The 5th Circuit Court of Appeals granted the US Department of Labor’s move to walk away from its own appeal and leave the stay on the Biden-era fiduciary rule untouched.
The department filed the request after its new leadership stepped in and tried to figure out where to steer the policy next, a pause that dragged on from February while advisers, carriers, and retirement platforms waited for a signal that never quite came.
The rule would have broadened who counts as a fiduciary under ERISA, pulling broker-dealers and insurance agents into a regime that demands tighter conduct standards on retirement advice.
The District Court for the Northern District of Texas froze the rule in August 2024 after a coalition of insurance and business trade groups argued that the department overreached.

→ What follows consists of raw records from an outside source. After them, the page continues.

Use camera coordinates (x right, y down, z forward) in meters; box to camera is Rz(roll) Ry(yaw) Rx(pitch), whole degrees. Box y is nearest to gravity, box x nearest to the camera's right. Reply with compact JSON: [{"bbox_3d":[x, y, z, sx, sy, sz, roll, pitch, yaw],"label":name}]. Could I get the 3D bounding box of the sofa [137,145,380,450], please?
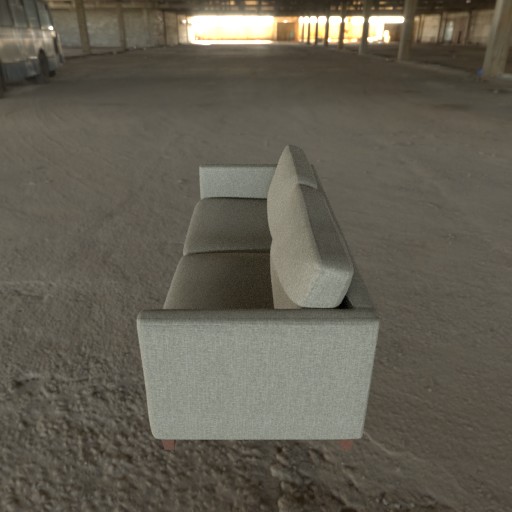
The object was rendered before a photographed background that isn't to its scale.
[{"bbox_3d":[0.000,0.000,2.741,0.956,0.960,2.208,0,27,0],"label":"sofa"}]
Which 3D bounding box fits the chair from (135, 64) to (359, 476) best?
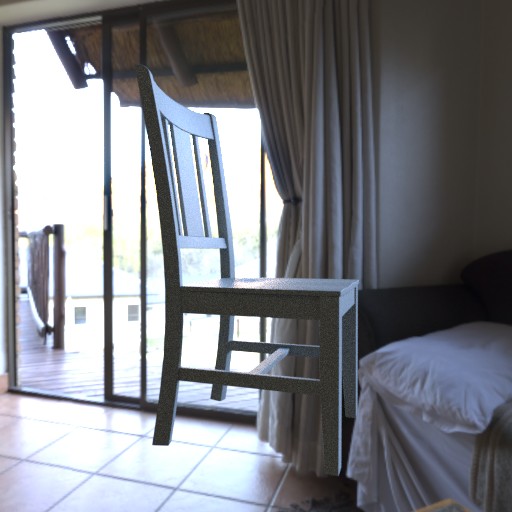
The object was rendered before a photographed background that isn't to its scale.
[{"bbox_3d":[0.000,0.000,1.284,0.555,0.998,0.450,0,1,19],"label":"chair"}]

According to Beinsure, the challenge echoed the blowup around the DOL’s 2016 attempt, which fizzled under political and legal fire.
Industry groups say the now-abandoned rule would have boxed out millions of consumers from retirement guidance, mostly because smaller brokers and agents wouldn’t touch the liability load.

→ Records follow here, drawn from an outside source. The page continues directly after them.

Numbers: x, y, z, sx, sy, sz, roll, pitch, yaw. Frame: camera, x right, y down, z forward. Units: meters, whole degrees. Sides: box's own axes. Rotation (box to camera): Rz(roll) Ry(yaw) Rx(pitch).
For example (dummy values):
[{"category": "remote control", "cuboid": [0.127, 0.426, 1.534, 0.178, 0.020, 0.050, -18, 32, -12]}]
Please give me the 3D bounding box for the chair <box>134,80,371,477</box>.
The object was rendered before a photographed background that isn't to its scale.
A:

They issued a joint statement claiming the stay keeps savers out of the blast radius while the court evaluates what they argue are serious legal faults baked into the regulation. The language carried some heat, though the core message stayed simple – leave the rule parked.

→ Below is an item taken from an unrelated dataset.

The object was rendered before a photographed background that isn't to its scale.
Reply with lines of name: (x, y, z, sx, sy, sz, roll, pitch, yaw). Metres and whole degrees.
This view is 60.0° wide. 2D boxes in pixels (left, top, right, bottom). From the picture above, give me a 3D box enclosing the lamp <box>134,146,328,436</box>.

Attempts to get a straight answer from the Labor Department on why it ditched the appeal didn’t land, and maybe that silence says enough for now.
The agency has a long history of pushing versions of this idea, only to retreat once the political pressure spikes. Whether it tries again isn’t clear, and the uncertainty hangs there, half-finished, as the retirement industry keeps running scenarios on what the next draft might look like.